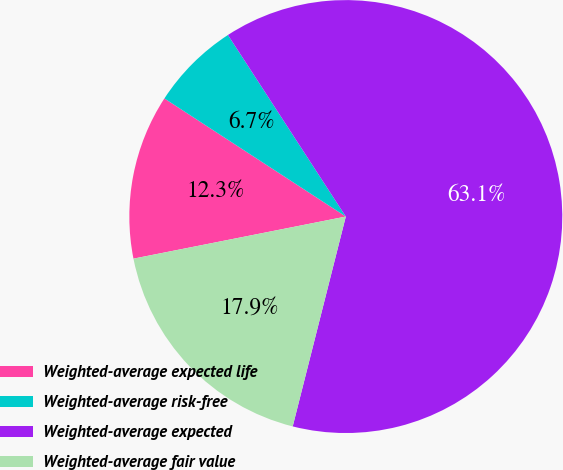Convert chart. <chart><loc_0><loc_0><loc_500><loc_500><pie_chart><fcel>Weighted-average expected life<fcel>Weighted-average risk-free<fcel>Weighted-average expected<fcel>Weighted-average fair value<nl><fcel>12.3%<fcel>6.65%<fcel>63.11%<fcel>17.94%<nl></chart> 
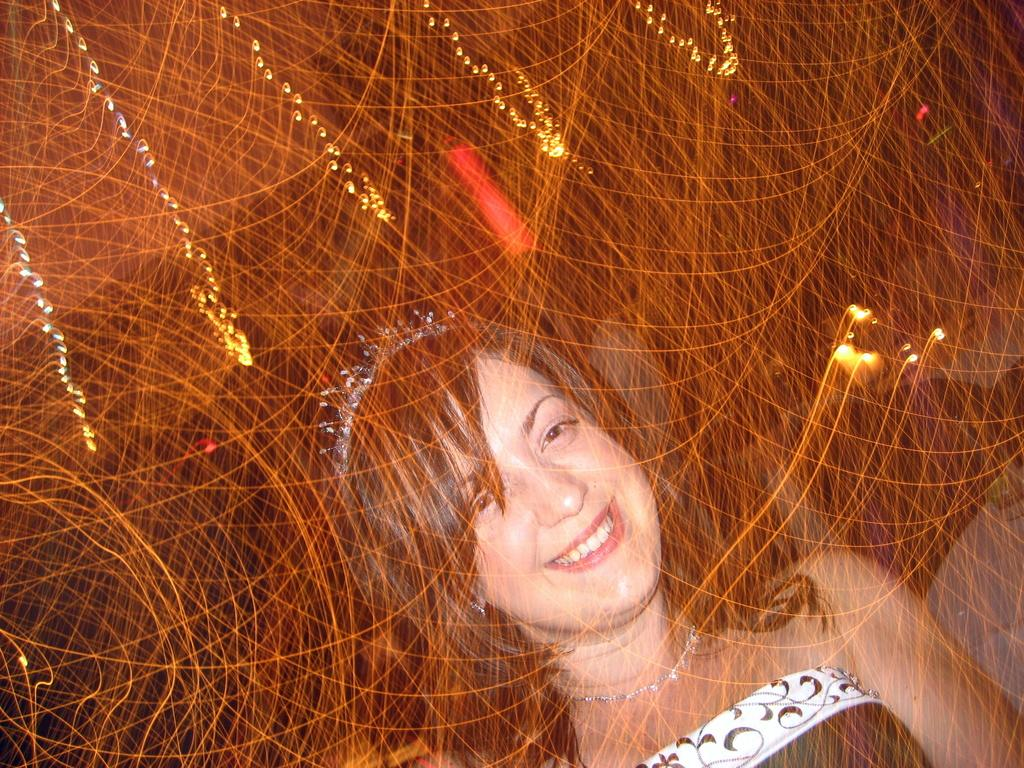Who is present in the image? There is a woman in the image. Where is the woman located in the image? The woman is at the bottom of the image. What type of lighting is present in the image? There are LED lights in the image. Where are the LED lights located in the image? The LED lights are at the top of the image. What can be inferred about the lighting conditions in the image? The background of the image is dark. What type of government is depicted in the image? There is no depiction of a government in the image; it features a woman and LED lights. What brand of soda is being consumed by the woman in the image? There is no soda present in the image; it only shows a woman and LED lights. 
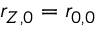Convert formula to latex. <formula><loc_0><loc_0><loc_500><loc_500>r _ { Z , 0 } = r _ { 0 , 0 }</formula> 
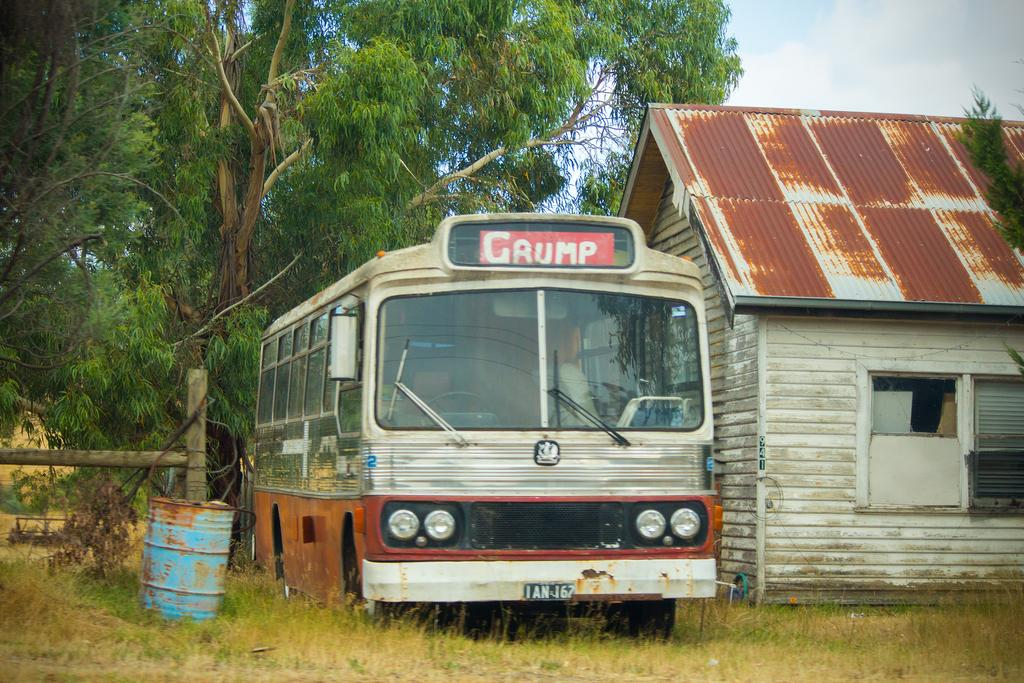<image>
Render a clear and concise summary of the photo. an old bus that says Gaump is sitting by an old building
━━━━
> WORK TO BE COMPLETED
Leave out the pictures and copy exactly the lines from the one with "Convert formula to" through the last line of the records above.

> SOLUTION FOR THIS EXERCISE
Convert formula to latex. <formula><loc_0><loc_0><loc_500><loc_500>r _ { Z , 0 } = r _ { 0 , 0 }</formula> 
<image>
Render a clear and concise summary of the photo. an old bus that says Gaump is sitting by an old building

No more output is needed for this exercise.